Here is how he sums them up at the end of his 5,000 word story:
“Koch has profited precisely by dumping billions of pounds of pollutants into our waters and skies – essentially for free. It racks up enormous profits from speculative trades lacking economic value that drive up costs for consumers and create risks for our economy.
The Koch brothers get richer as the costs of what Koch destroys are foisted on the rest of us – in the form of ill health, foul water and a climate crisis that threatens life as we know it on this planet. Now nearing 80 – owning a large chunk of the Alberta tar sands and using his billions to transform
the modern Republican Party into a protection racket for Koch Industries’ profits – Charles Koch is not about to see the light.”

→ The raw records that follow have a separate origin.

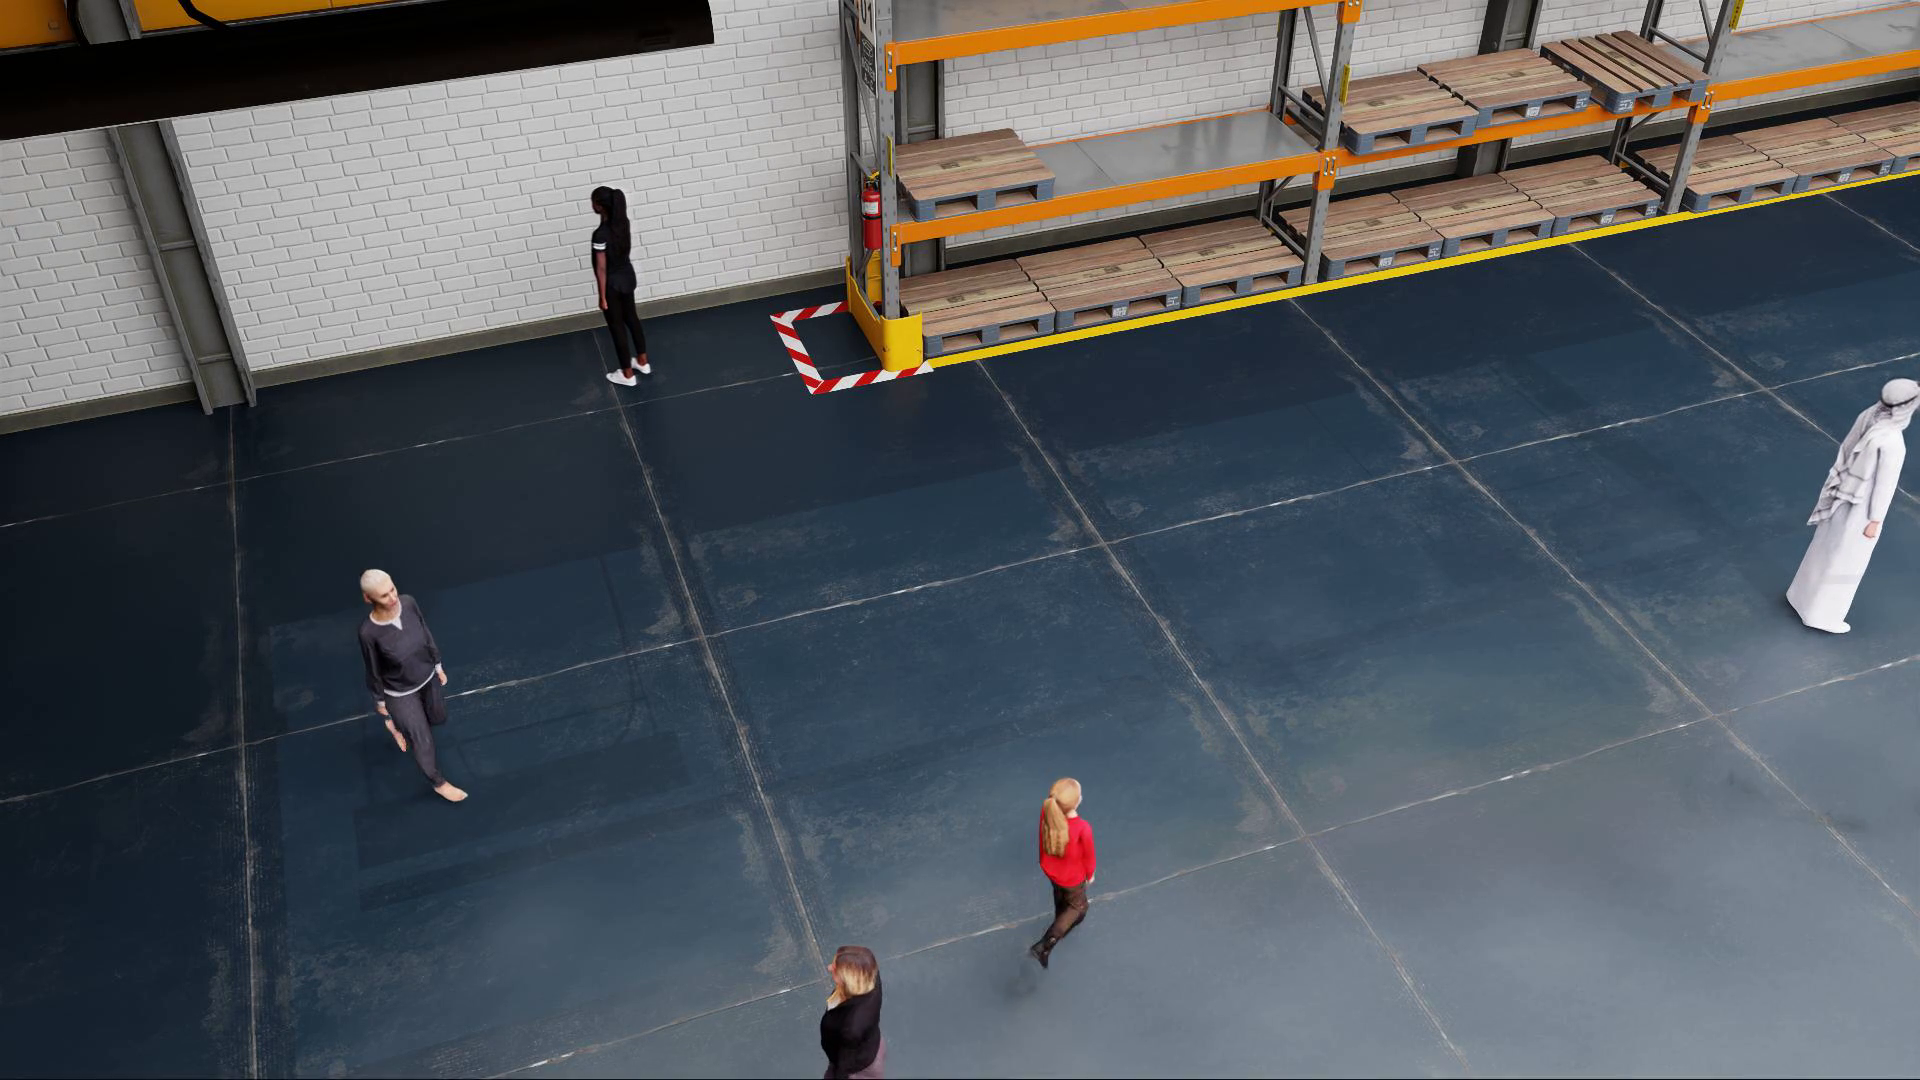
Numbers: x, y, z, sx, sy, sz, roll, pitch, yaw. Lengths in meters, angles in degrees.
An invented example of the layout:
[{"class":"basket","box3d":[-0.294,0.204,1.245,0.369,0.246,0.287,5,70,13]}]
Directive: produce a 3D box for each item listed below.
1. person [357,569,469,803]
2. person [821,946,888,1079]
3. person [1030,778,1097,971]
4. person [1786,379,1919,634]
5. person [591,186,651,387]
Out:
[{"class":"person","box3d":[-3.320,0.806,9.862,1.000,1.710,0.966,20,43,24]},{"class":"person","box3d":[-0.371,2.505,7.803,1.111,1.626,0.872,2,39,3]},{"class":"person","box3d":[0.543,1.799,8.969,0.704,1.273,0.848,28,46,31]},{"class":"person","box3d":[5.936,-0.242,11.004,0.768,1.923,0.771,1,39,1]},{"class":"person","box3d":[-2.768,-2.054,13.429,0.740,1.729,0.694,12,40,15]}]

In a long response to the multiple slurs, untruths and outright deceptions in the Dickinson piece, Koch Industries who had opened themselves to Dickinson’s inquiries and had been assured by him that he was attempting to engage in ” a good faith discussion”, they pointed out that of the 3,200 word response they offered Dickinson in response to his written questions, he only chose to quote 99. There was barely a mention of the 900 awards for safety, environmental excellence, and community stewardship Koch has received since 2009 alone or that the EPA has repeatedly praised Koch for a productive and collaborative approach to environmental protection. The article falsely claims that Koch’s petroleum coke business at its KCBX North facility in Chicago is endangering the “health of South Side residents,” despite the fact that they provided Dickinson with the Congressional Research Service research, findings from the city of Chicago that “there are no known illnesses or health effects associated with pet coke dust,” and EPA’s own conclusion that “petroleum coke itself has a low level of toxicity and that there is no evidence of carcinogenicity.” Nor does Dickinson note that KCBX was honored with the Good Neighbor award from the Southeast Environmental Task Force in 2001 and again in 2005.

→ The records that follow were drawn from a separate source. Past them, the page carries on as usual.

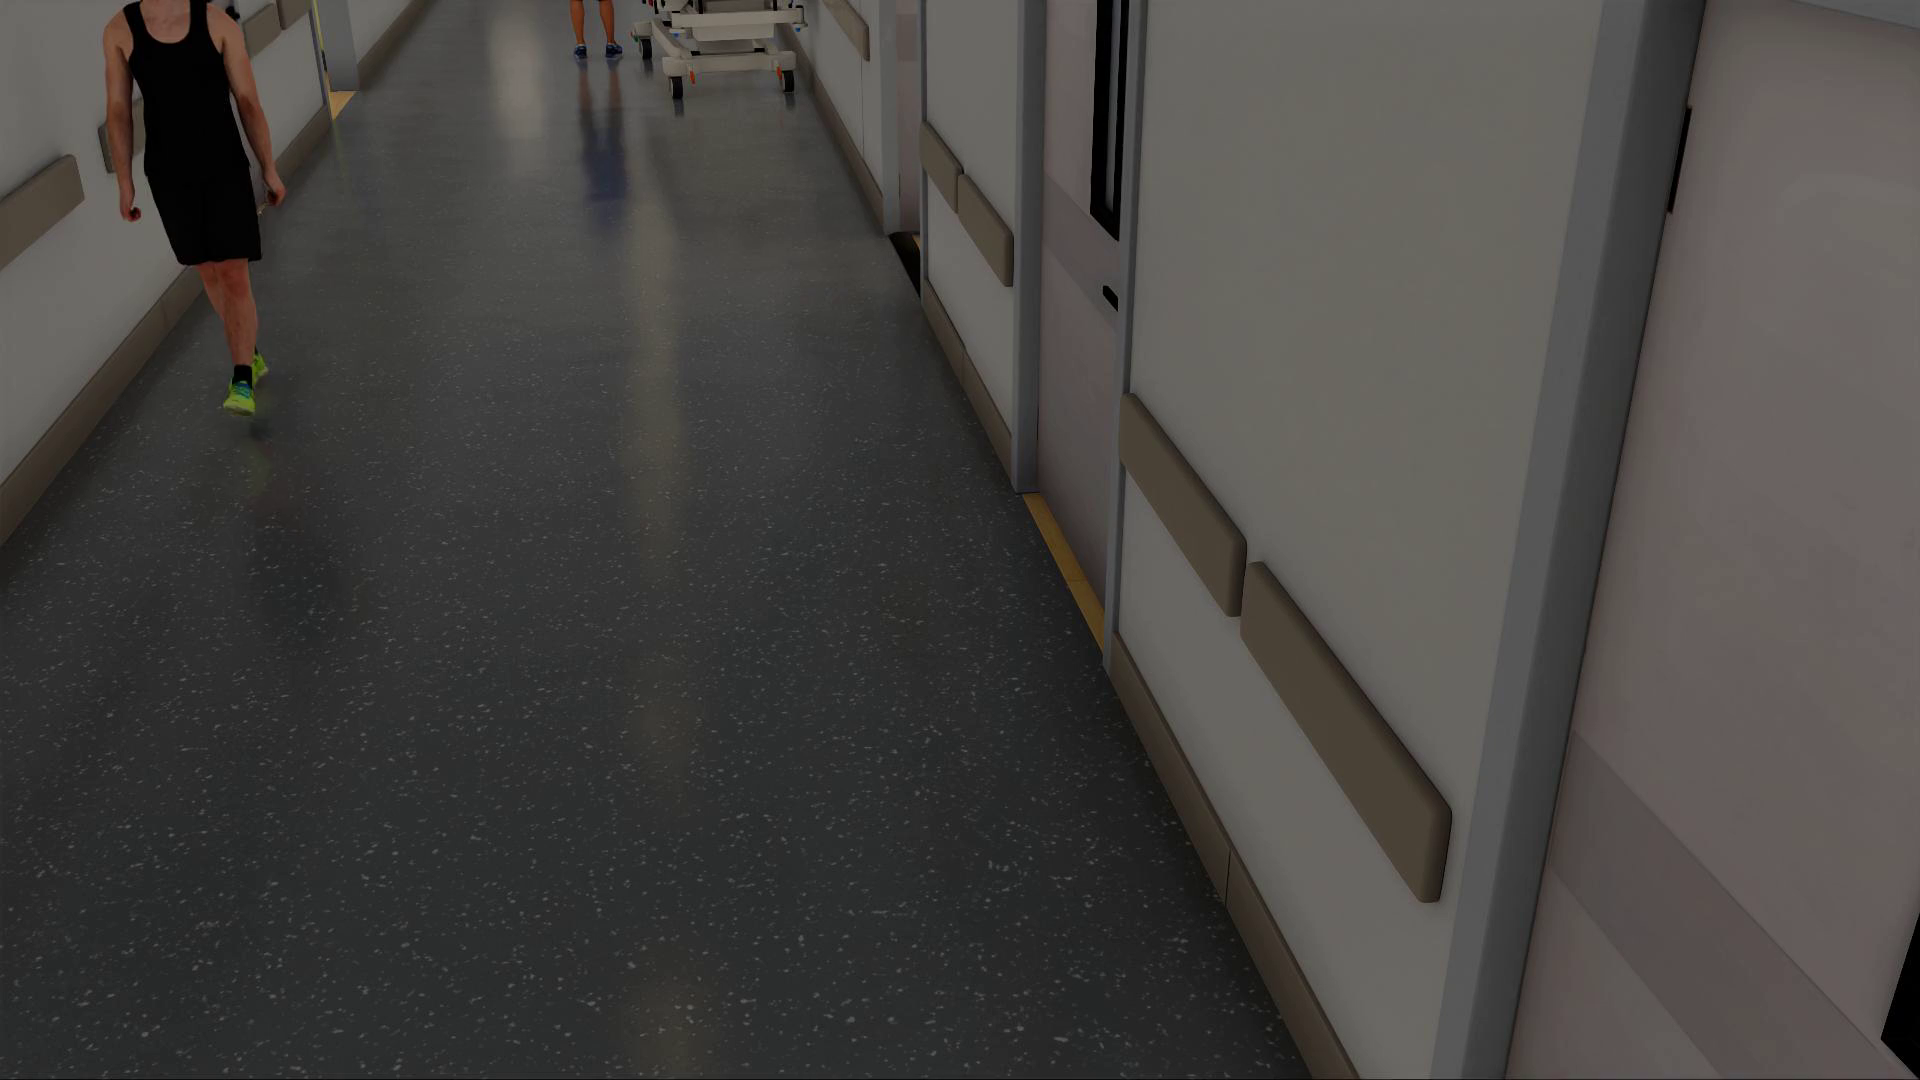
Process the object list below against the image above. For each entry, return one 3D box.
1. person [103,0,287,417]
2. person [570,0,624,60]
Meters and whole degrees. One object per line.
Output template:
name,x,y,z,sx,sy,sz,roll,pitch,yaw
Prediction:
person,-2.955,-1.446,6.515,0.977,1.858,0.766,-4,26,-9
person,-3.128,-4.983,13.838,0.497,1.869,0.666,-3,26,-7

They provided a summation of the absence of journalistic integrity, fairness and balance in Dickinson’s piece:
‘”Any reasonable reader will conclude that this article is nothing more than a thinly veiled “hit piece.” We believe that Rolling Stone readers would have benefitted from an open and honest discussion of the issues Mr. Dickinson decided to write about. We are confident that if the true facts had been presented, Rolling Stone readers might have learned something about us that was contrary to the misinformation that Rolling Stone and other media have rehashed and regurgitated over the years. Apparently Rolling Stone and Mr. Dickinson do not trust or respect their readers enough to provide them with balanced information and an objective narrative, nor do they want their readers to make up their own minds.”

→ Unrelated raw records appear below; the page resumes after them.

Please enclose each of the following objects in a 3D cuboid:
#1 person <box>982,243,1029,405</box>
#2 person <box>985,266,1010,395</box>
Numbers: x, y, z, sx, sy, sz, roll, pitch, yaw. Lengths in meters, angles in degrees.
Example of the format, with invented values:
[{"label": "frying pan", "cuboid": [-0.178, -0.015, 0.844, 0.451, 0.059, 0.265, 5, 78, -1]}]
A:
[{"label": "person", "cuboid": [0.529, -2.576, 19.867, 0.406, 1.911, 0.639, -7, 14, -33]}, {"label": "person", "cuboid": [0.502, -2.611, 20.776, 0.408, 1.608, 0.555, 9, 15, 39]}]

Balance and fairness – providing a wide perspective on controversial issues – is what we should expect from our journalists. But how little editorial oversight there is of so many contributing writers to Rolling Stone. The magazine regularly accepts hit pieces, just like the one above, presenting opinion as if it is fact, excluding information which does not fit within its own political narrative and resorting to name calling and epithet slinging against all those who disagree with its polemical approach. The absence of journalistic integrity puts Rolling Stone in the vanguard of the decline in standards we have seen in the U.S. over the past 30 years in both reportage and investigative journalism.
Maybe the failures of Sabrina Rubin Erdely to adequately corroborate her story will hasten a broad review of the magazine’s journalistic practices. But don’t count on any real change until Rolling stone is hit hard by the a declining subscriber base and perhaps even the fall off of advertising revenue due to its abandonment of proper journalistic practices and its preferences for ideology over truth.